We tune `C` and `gamma` for an RBF SVC using 5-fold CV and ROC AUC as the refit metric.


In [None]:
svc_pipe = models['SVC (RBF)']
param_grid = {
    'clf__C': [0.1, 1, 10, 30],
    'clf__gamma': ['scale', 0.1, 0.01, 0.001]
}

gs = GridSearchCV(svc_pipe, param_grid, scoring='roc_auc', cv=cv, n_jobs=-1)
gs.fit(X_train, y_train)
print('Best params:', gs.best_params_)
print('Best CV ROC AUC:', round(gs.best_score_, 4))


## 8) Final Evaluation on Holdout Test Set

In [None]:
best_model = gs.best_estimator_
y_pred = best_model.predict(X_test)
y_proba = best_model.predict_proba(X_test)[:,1]

print(classification_report(y_test, y_pred, target_names=['no disease','disease']))
print('Test ROC AUC:', round(roc_auc_score(y_test, y_proba), 4))

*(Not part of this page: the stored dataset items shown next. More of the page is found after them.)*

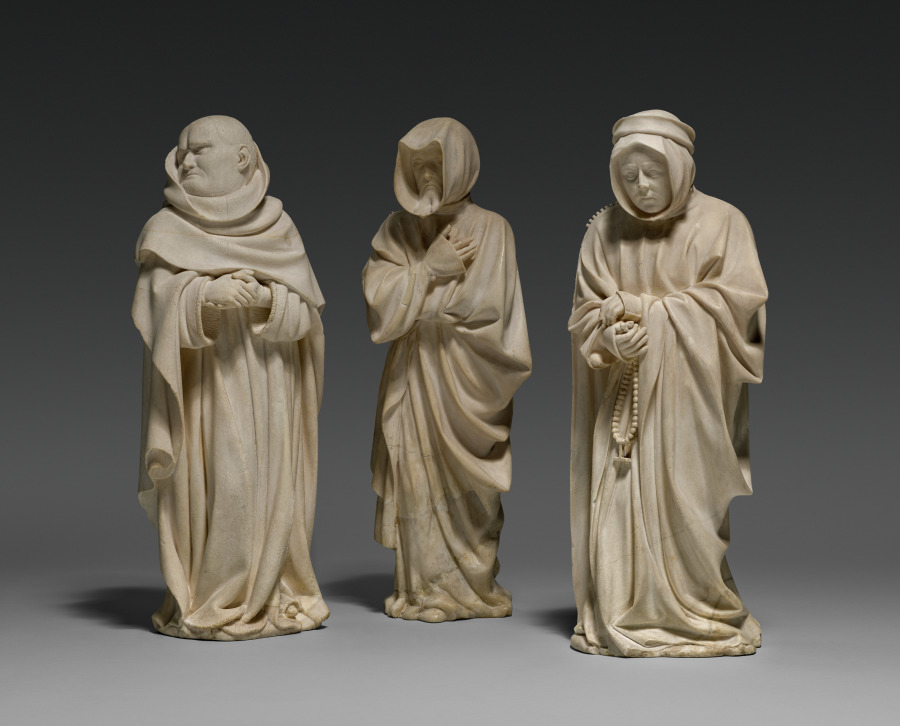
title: Mourner from the Tomb of Philip the Bold, Duke of Burgundy (1364–1404)
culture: Netherlands, active Dijon, 15th century
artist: Claus de Werve (Netherlandish, 1380–1439)
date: 1404–10
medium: vizille alabaster
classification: Sculpture
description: This figure comes from the tomb of Duke Philip the Bold from the church of Champmol near Dijon (Burgundy, France). Philip, who founded the monastery and designated it as his burial place, hired the best artists, many of whom came from the Netherlands. While the commission was given in 1381, the work was not completed until 1410, six years after the duke’s death. This mourner is unusual for the time because it is not carved as a static low relief on the pedestal of the tomb but interact with the viewers and their fellow procession members. The lifelike quality of the figure is due in large part to the alabaster. Its softness allowed artists to carve details into the material, and the transparent, milky white stone could also be polished to a high gloss.
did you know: The use of alabaster in the late Middle Ages began in the 1300s with court art in the circles of French kings, especially in the field of funerary sculpture.
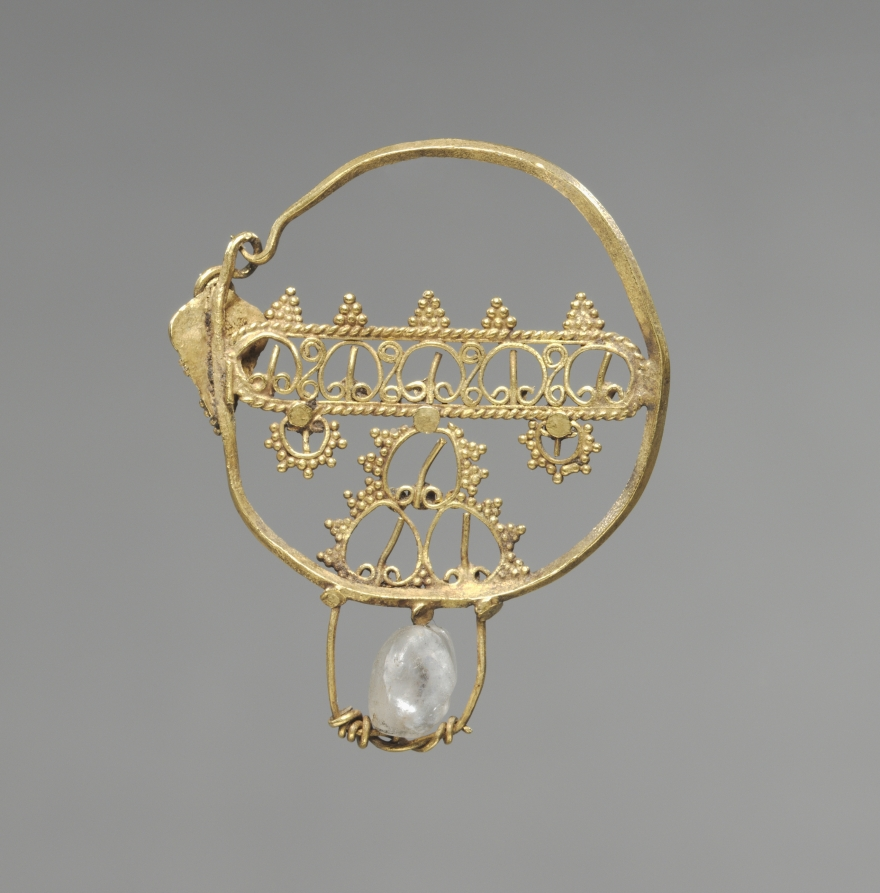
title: Earring with Openwork
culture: Byzantium, early Byzantine period, 7th-9th Century
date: 600–800
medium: gold with a rock crystal bead
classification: Jewelry
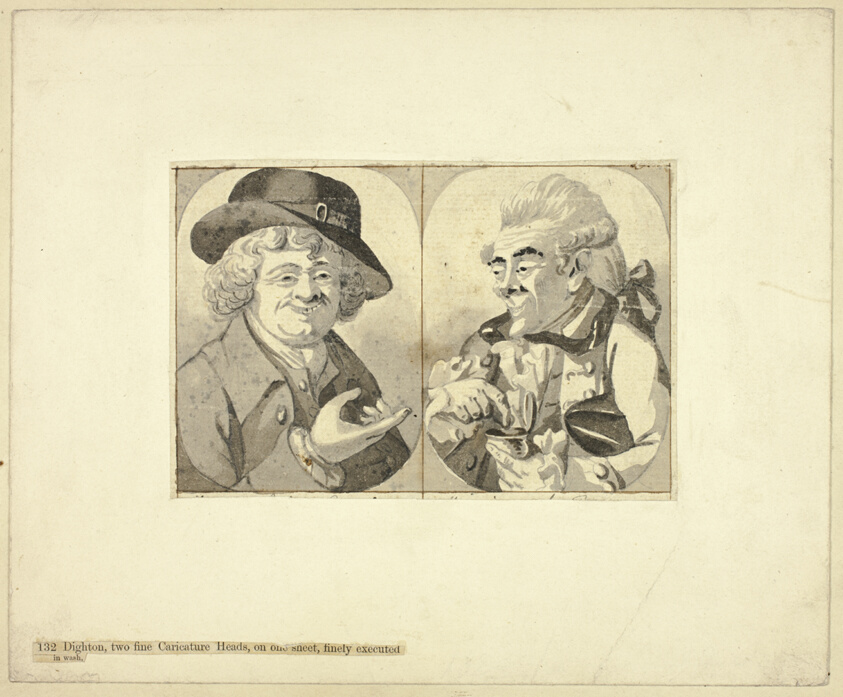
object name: Drawing and Watercolor
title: Two Bust-length Caricatures
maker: Attributed to Robert Dighton; English, c. 1752-1814
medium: Brush and gray ink and gray wash, over traces of graphite, on ivory laid paper, laid down on cream wove paper
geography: England
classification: ink or chalk wash; drawings (visual works); prints and drawing
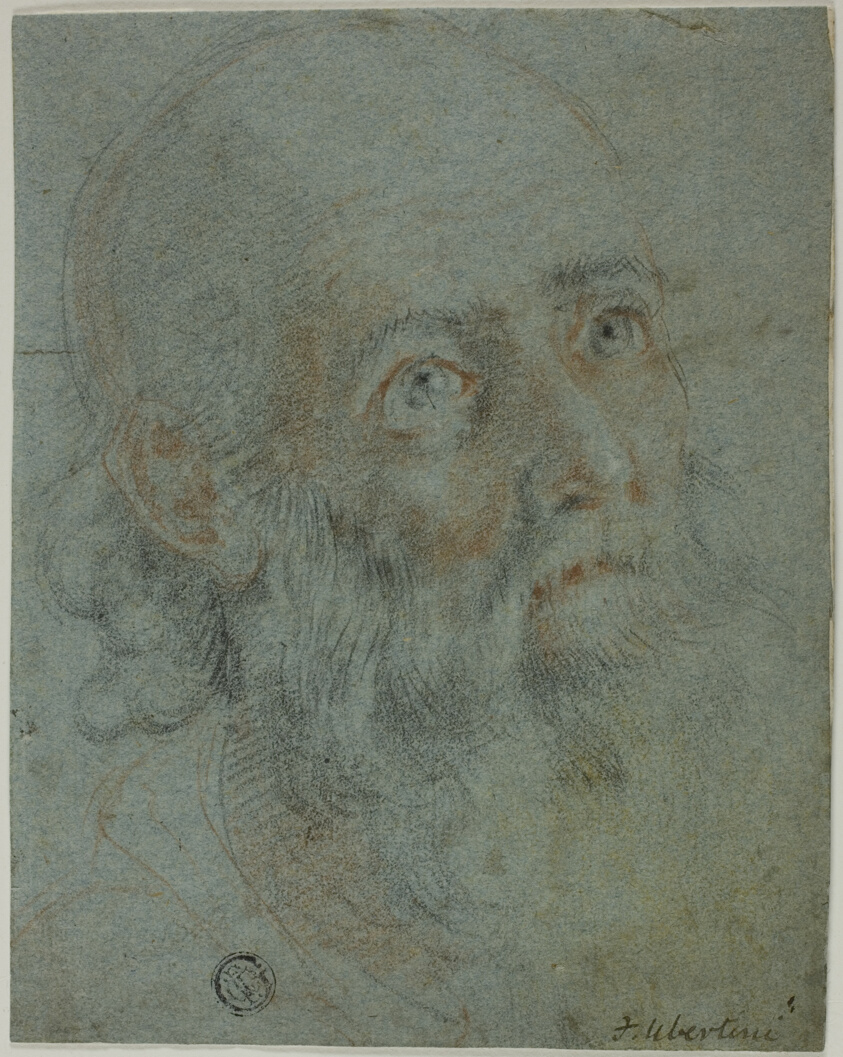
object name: Drawing and Watercolor
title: Head of a Bearded Man, Looking Up to Right: Study for Saint Catherine of Alexandria Disputing with the Pagan Priests
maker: Ludovico Cardi, called Il Cigoli (Italian, 1559-161; or follower of Federico Barocci (Italian, c. 1535-1612)
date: c. 1603
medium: Red and black chalk, heightened with touches of white chalk, on blue laid paper, laid down on cream laid card
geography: Italy
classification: chalk; drawings (visual works); prints and drawing
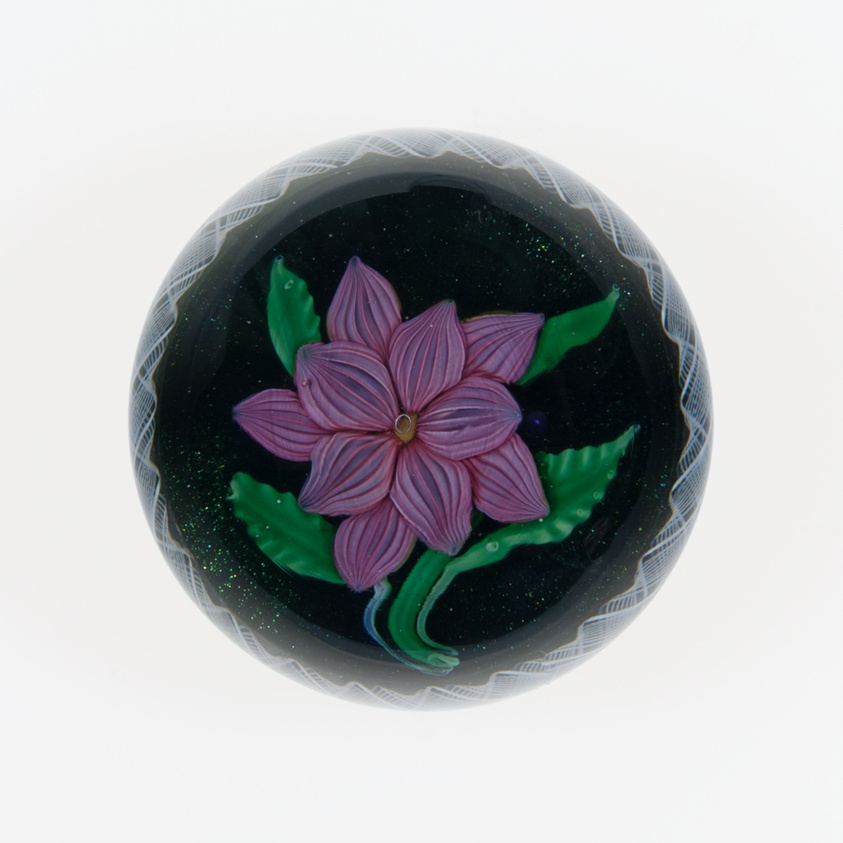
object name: Glass
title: Paperweight
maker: Saint-Louis Glassworks (Cristalleries de Saint-Louis); Lorraine, France, founded 1586
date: c. 1848–55
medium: Glass
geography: Saint-Louis-lès-Bitche
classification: paperweight; lampwork; european decorative arts; glass
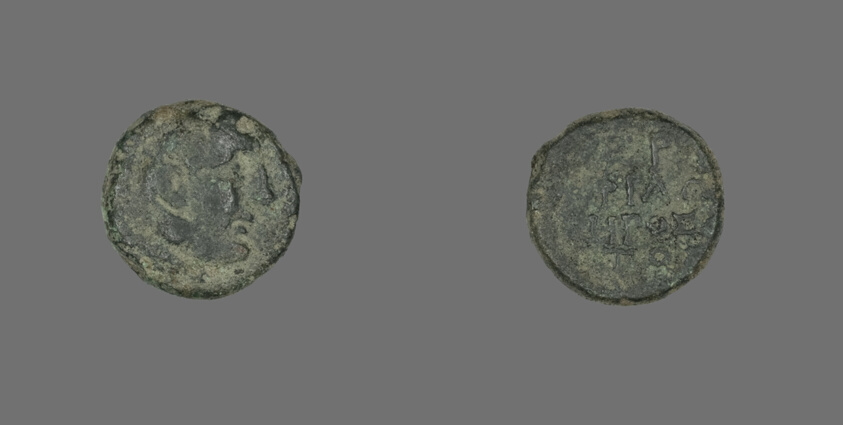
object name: Coin
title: Coin Depicting the Hero Herakles
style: greek, ancient
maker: Greek
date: about 300-200 BCE
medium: Bronze
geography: Ancient Greece
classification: coin; ancient art
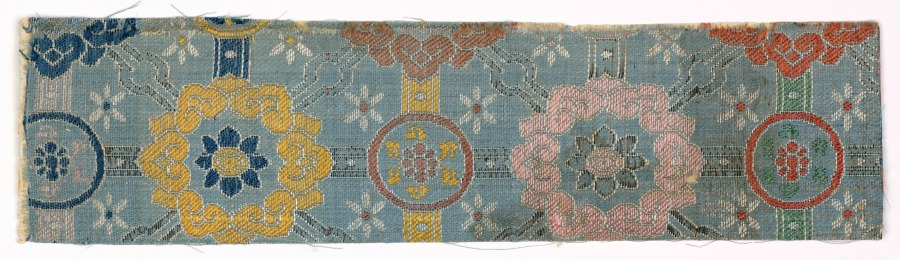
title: Textile Fragment
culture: Japan
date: 1800s
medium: silk
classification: Textile
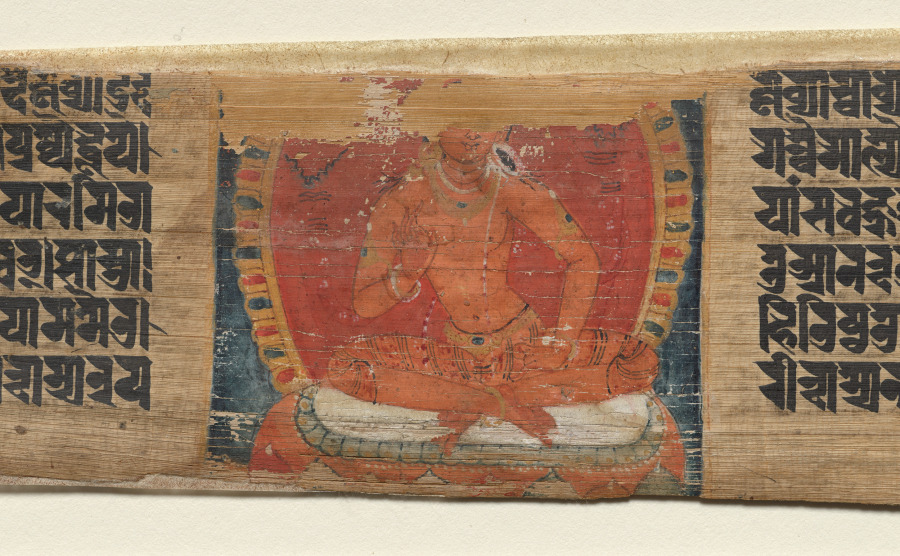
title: Prajnaparamita flanked by two bodhisattvas, folio 187 (recto), from a Manuscript of the Perfection of Wisdom in Eight Thousand Lines (Ashtasahasrika Prajnaparamita-sutra)
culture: Eastern India, Bihar, Vikramashila Monastery. Painting: Nepal, Kathmandu
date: Sunday, September 14, 1119 (year 239 of the Newar Samvat in the month of Ashvina)
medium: Gum tempera and ink on palm leaf
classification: Painting
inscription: [pravartayita]vyā deśayitavyopadeṣṭavyoddeṣṭavyā svādhyātavyā likhitavyā / tathāgatādhiṣṭhānena mahāpustake pravyaktapravyaktairakṣaraiḥ sulikhitāṃ kṛtvā satkartavyā gurukartavyā mānayitavyā pūjayitavyā arcayitavyā apacāyitavyā puṣpairdhūpairgandhairmālyairvilepanaiścūrṇaiścīvarairvādyairvastraiśchatrairdhvajairghaṇṭābhiḥ patākābhiḥ, samantācca dīpamālābhiḥ, bahuvidhābhiś ca pūjābhiḥ / iyamasmākamantikādānanda anuśāsanī / tatkasya hetoḥ? atra hi prajñāpāramitāyāṃ sarvajñajñānapariniṣpattirbhaviṣyati / tatkiṃ manyase ānanda śāstā te tathāgataḥ? ānanda āha - śāstā me bhagavan, śāstā me sugata / evamukte bhagavānāyuṣmantamānandametadavocat - śāstā te ānanda tathāgataḥ / paricarito 'smyānanda tvayā maitreṇa kāyakarmaṇā manaāpena, maitreṇa vākkarmaṇā manaāpena, maitreṇa manaḥkarmaṇā manaāpena / tasmāttarhi ānanda yathaiva tvayā mamaitarhi tiṣṭhato dhriyamāṇasya yāpayato 'smin samucchraye prema ca prasādaś ca gauravaṃ ca kṛtam, tathaiva tvayā ānanda mamātyayādasyāṃ prajñāpāramitāyāṃ kartavyam / dvir api trir api te ānanda parīndāmi anuparīndāmi enāṃ prajñāpāramitām, yatheyaṃ nāntardhīyeta, yathā nāsyāṃ tvamanyaḥ puruṣaḥ syāḥ / yāvadānanda iyaṃ prajñāpāramitā loke pracariṣyati, tāvattathāgatastiṣṭha[tīti]
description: In the center of the page is a seated goddess of wisdom, named Prajnaparamita, who personifies the content of the text itself. A red and white bodhisattva also attend her on either side. This manuscript, consisting of 188 double-sided folios, was calligraphed by a scribe at a monastery in northeastern India, commissioned by a monk from Nepal. Judging from the style of the paintings, they are the work of Nepalese artists.

ConfusionMatrixDisplay.from_predictions(y_test, y_pred)
plt.title('Confusion Matrix — Best SVC')
plt.show()

RocCurveDisplay.from_predictions(y_test, y_proba)
plt.title('ROC Curve — Best SVC')
plt.show()


## 9) Interpretability Notes

- For linear models (e.g., **Logistic Regression**), inspect standardized coefficients to see directional effects.
- For tree ensembles, use **permutation importance** and **partial dependence**; for SVC, prefer **model-agnostic** methods (Permutation Importance, SHAP).
- Beware of **category encodings** impacting interpretation (one-hot reference levels).


## 10) Conclusions & Next Steps

**Summary**
- Cleaned Cleveland dataset (handled `?` missing values) and binarized `num`.
- Compared 4 models; tuned SVC for ROC AUC.
- Reported holdout metrics & diagnostic plots.

**Limitations**
- Small tabular clinical dataset; potential site-specific biases.
- Binary reduction of multi-class severity (`num`) discards granularity.

**Next Steps**
- Explore threshold tuning for cost-sensitive decisions (FN vs FP).
- Calibrate probabilities (Platt/Isotonic) and evaluate PR curves (class imbalance).
- Add SHAP for feature attribution; test alternative learners (XGBoost/LightGBM).

**Reproducibility**
- Cache created: `heart_cleveland_uci.csv`. Commit code, not large/raw external data. Provide data download instructions in README.